Lors de la retraite de février nous avons eu la chance de bénéficier du soutien de Marie-Christine pour les repas. Certains échanges impromptus que nous avons eus ensemble tournaient autour de l’attention et de la concentration.
Ce qui suit est une réponse rapide à une question qu’elle m’a posée il y a quelques jours sur le sujet : “J’ai compris que vous disiez qu’une trop grande concentration n’était pas forcément souhaitée. J’aimerais en connaitre les implications si c’est possible.”
Pour faire très bref, la concentration va conduire à un état plus ou moins profond d’absorption qui, s’il est trop profond, va empêcher le développement de l’attention. L’attention d’une certaine façon se trouve dans un mouvement contraire de l’esprit : on ne cherche pas à fixer l’esprit mais on définit un objet de méditation qui permet :
- de développer de façon minimale un peu de concentration (sinon il y a dispersion et agitation ou torpeur, etc.),
- de « voir » quand l’esprit est sollicité par l’un des six sens et se laisse capter par lui (ce qu’en anglais tu trouves généralement sous le vocable « to follow the condition »).
La concentration a un corollaire très agréable : un sentiment de tranquillité intérieure.
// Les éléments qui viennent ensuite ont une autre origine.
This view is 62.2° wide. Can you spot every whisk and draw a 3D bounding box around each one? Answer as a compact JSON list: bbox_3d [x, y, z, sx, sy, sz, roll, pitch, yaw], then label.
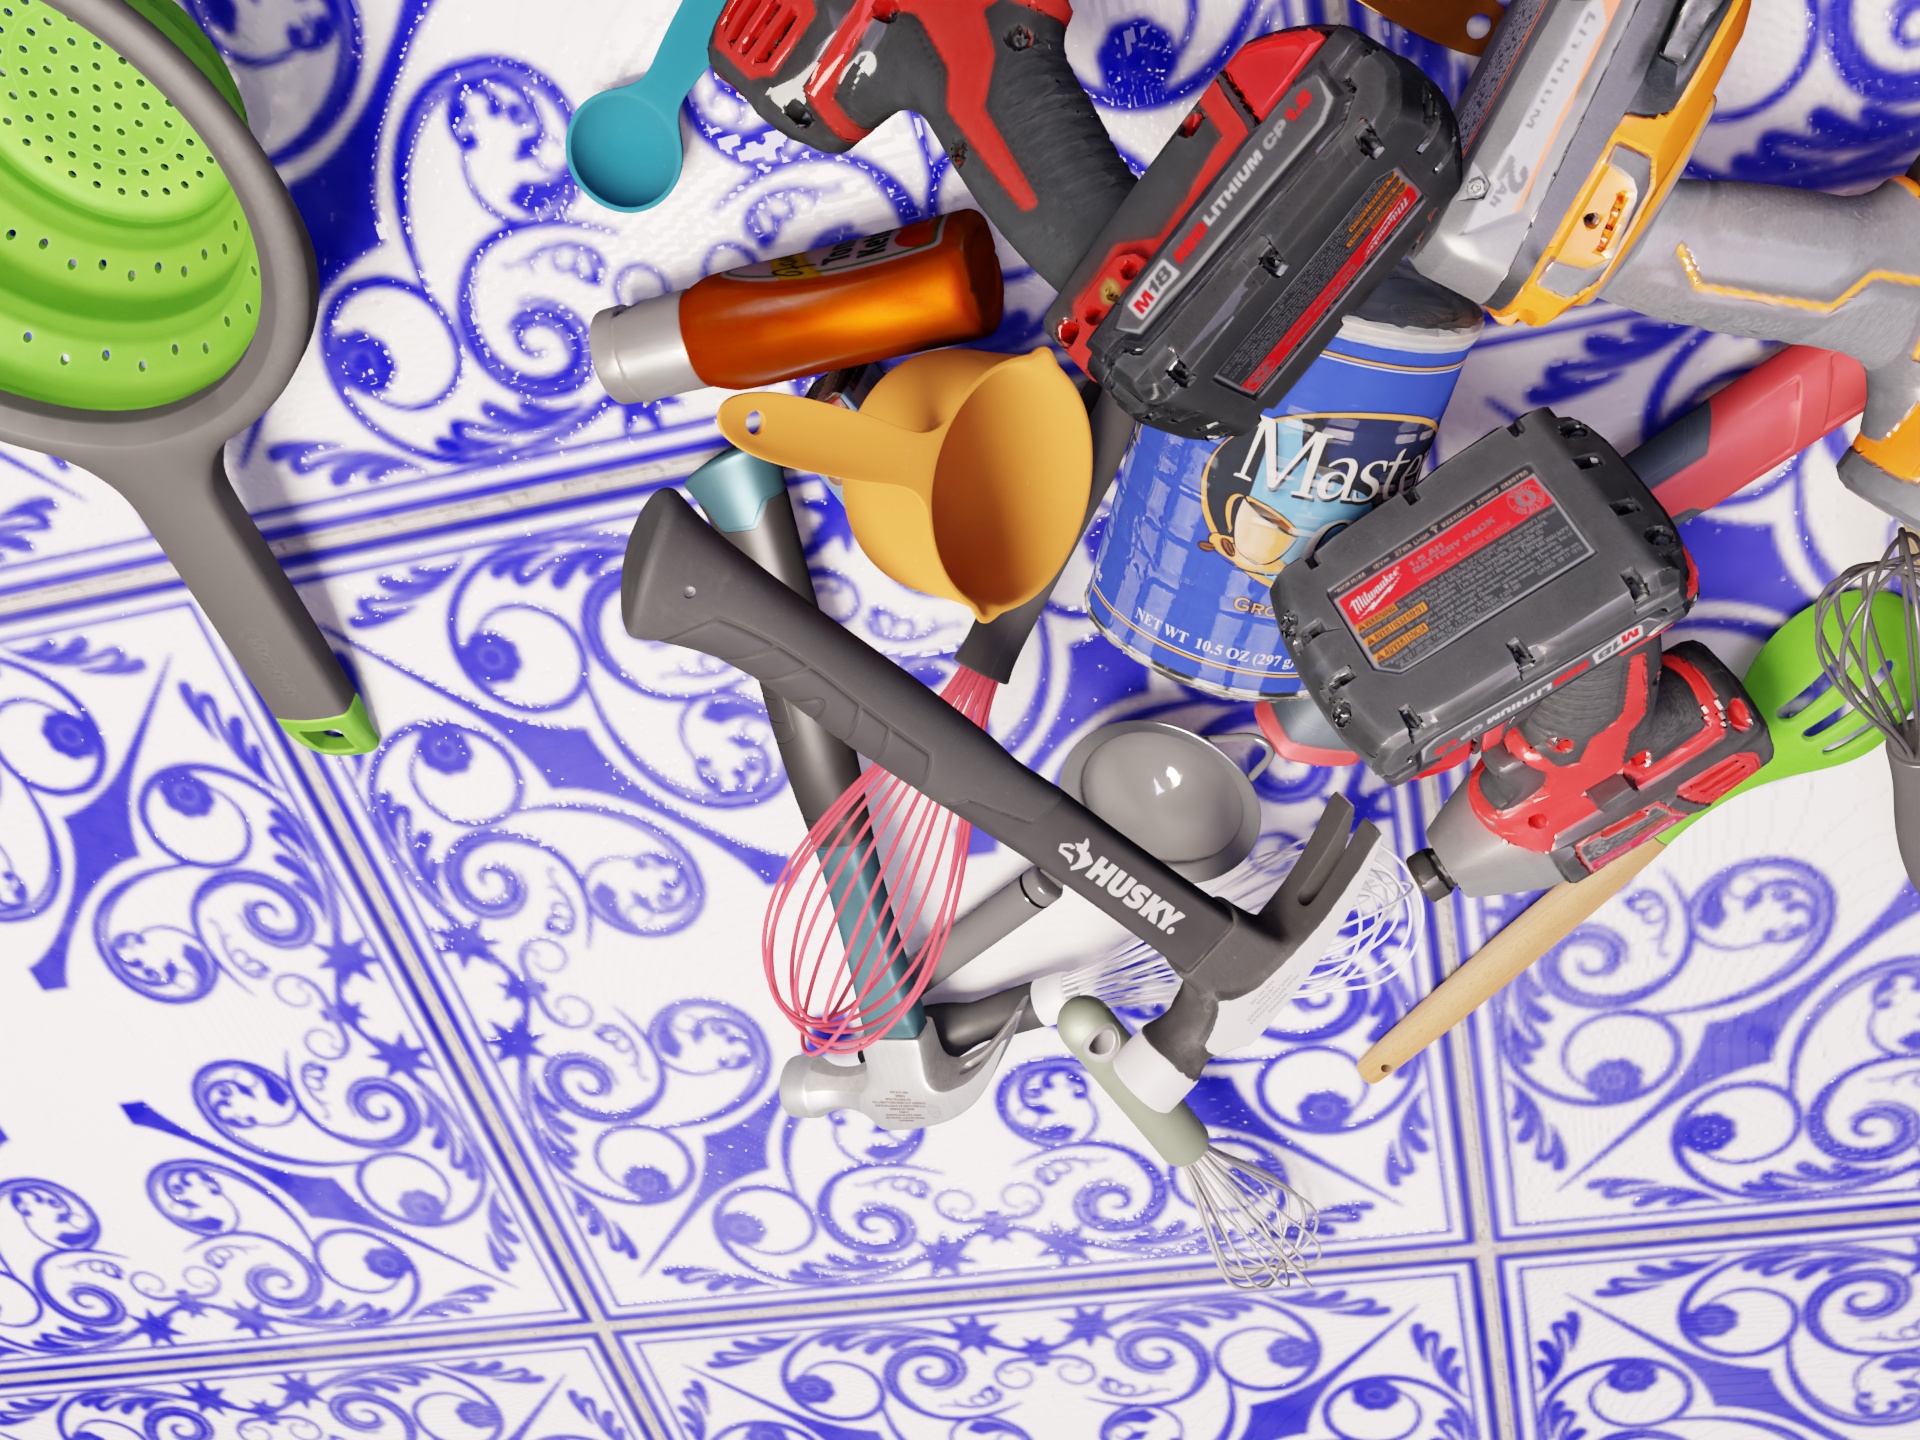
[{"bbox_3d":[0.073,0.120,0.728,0.284,0.070,0.070,-22,116,24],"label":"whisk"},{"bbox_3d":[0.365,0.012,0.602,0.055,0.055,0.238,-24,135,19],"label":"whisk"},{"bbox_3d":[0.109,0.203,0.750,0.058,0.059,0.246,-41,125,-5],"label":"whisk"},{"bbox_3d":[-0.001,-0.002,0.616,0.073,0.073,0.296,25,97,-8],"label":"whisk"}]

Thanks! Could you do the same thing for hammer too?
[{"bbox_3d":[0.264,-0.108,0.580,0.386,0.038,0.143,-35,110,24],"label":"hammer"},{"bbox_3d":[-0.056,0.038,0.686,0.128,0.033,0.330,-3,115,23],"label":"hammer"},{"bbox_3d":[0.018,0.023,0.568,0.334,0.035,0.146,36,100,-32],"label":"hammer"}]

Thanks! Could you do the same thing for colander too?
[{"bbox_3d":[-0.305,-0.142,0.607,0.204,0.095,0.396,-3,138,8],"label":"colander"}]

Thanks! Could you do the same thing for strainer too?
[{"bbox_3d":[0.041,0.067,0.709,0.087,0.050,0.258,43,122,-11],"label":"strainer"}]

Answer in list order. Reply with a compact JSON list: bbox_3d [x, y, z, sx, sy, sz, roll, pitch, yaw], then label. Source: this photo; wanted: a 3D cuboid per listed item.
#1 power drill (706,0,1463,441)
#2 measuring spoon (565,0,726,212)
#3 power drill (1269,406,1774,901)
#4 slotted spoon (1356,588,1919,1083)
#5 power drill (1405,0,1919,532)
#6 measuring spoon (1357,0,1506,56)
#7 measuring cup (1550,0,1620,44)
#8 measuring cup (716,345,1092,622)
[{"bbox_3d":[0.042,-0.215,0.474,0.227,0.080,0.188,47,112,19],"label":"power drill"},{"bbox_3d":[-0.094,-0.238,0.560,0.042,0.021,0.128,35,109,-13],"label":"measuring spoon"},{"bbox_3d":[0.201,-0.002,0.566,0.143,0.079,0.219,-34,144,16],"label":"power drill"},{"bbox_3d":[0.282,0.066,0.688,0.070,0.031,0.313,32,120,-13],"label":"slotted spoon"},{"bbox_3d":[0.271,-0.163,0.485,0.226,0.084,0.164,23,117,-4],"label":"power drill"},{"bbox_3d":[0.134,-0.250,0.528,0.117,0.011,0.021,21,120,-10],"label":"measuring spoon"},{"bbox_3d":[0.198,-0.247,0.518,0.062,0.029,0.156,-14,130,13],"label":"measuring cup"},{"bbox_3d":[-0.027,-0.087,0.523,0.052,0.173,0.095,19,100,40],"label":"measuring cup"}]

Cette tranquillité est due au fait que l’esprit ne vagabonde plus à droite à gauche, le jeu des émotions s’interrompt – repos. Ce qui conduit bien souvent les débutants à la conclusion que leur sessions se sont bien déroulées s’ils en sont sortis apaisés ou qu’elles se sont mal passées, qu’ils ont mal « bossé », dans le cas contraire. Ce qui du point de vue de vipassana est une vision erronée de la pratique et potentiellement un obstacle à celle-ci.
La pratique de vipassana requiert une certaine concentration mais il ne peut y avoir d’attention que si l’esprit ne se laisse pas absorber par l’objet de la méditation. A l’inverse, la concentration ne requiert pas d’attention au sens vipassana du terme ; il faut de la vigilance dans les premiers temps pour ramener l’esprit à l’objet de méditation mais pas à proprement parler d’attention.
Plus la concentration est forte, plus le niveau d’absorption est profond, au point que l’esprit peut être totalement absorbé dans l’objet de méditation ou un nimitta (signe se développant au cours de la pratique) et se (con)fondre avec lui. C’est l’état de « appana samadhi ».
Du point de vue de vipassana, c’est là que les problèmes commencent : quand l’esprit fait l’expérience de appana samadhi, il échappe mécaniquement à l’expérience de l’impermanence, de la souffrance et du non soi (anicca, dukkha, anatta). Ce qui exclut de facto vipassana (insight, vue pénétrante). Cela ne signifie pas qu’il n’y ait pas de bénéfice à la pratique des états d’absorption profonds, mais ces bénéfices ne sont pas ce à quoi vise vipassana.
On entend assez souvent dire que les gens qui pratiquent vipassana en portant leur attention à la pointe du nez font en réalité une pratique de concentration. Je pense que si un pratiquant fixe « trop solidement » (on dirait alors qu’il y a « saisie ») le mouvement du ventre, il développe le même niveau de concentration et s’éloigne tout autant de l’attention. Le simple fait qu’il note « monter, descendre, assis, toucher, etc. » n’est pas en soi un gage d’attention.
Ces sujets sont très bien développés par Ajahn Sujiva dans les chapitres 12 et 13 de son ouvrage The essentials of insight meditation.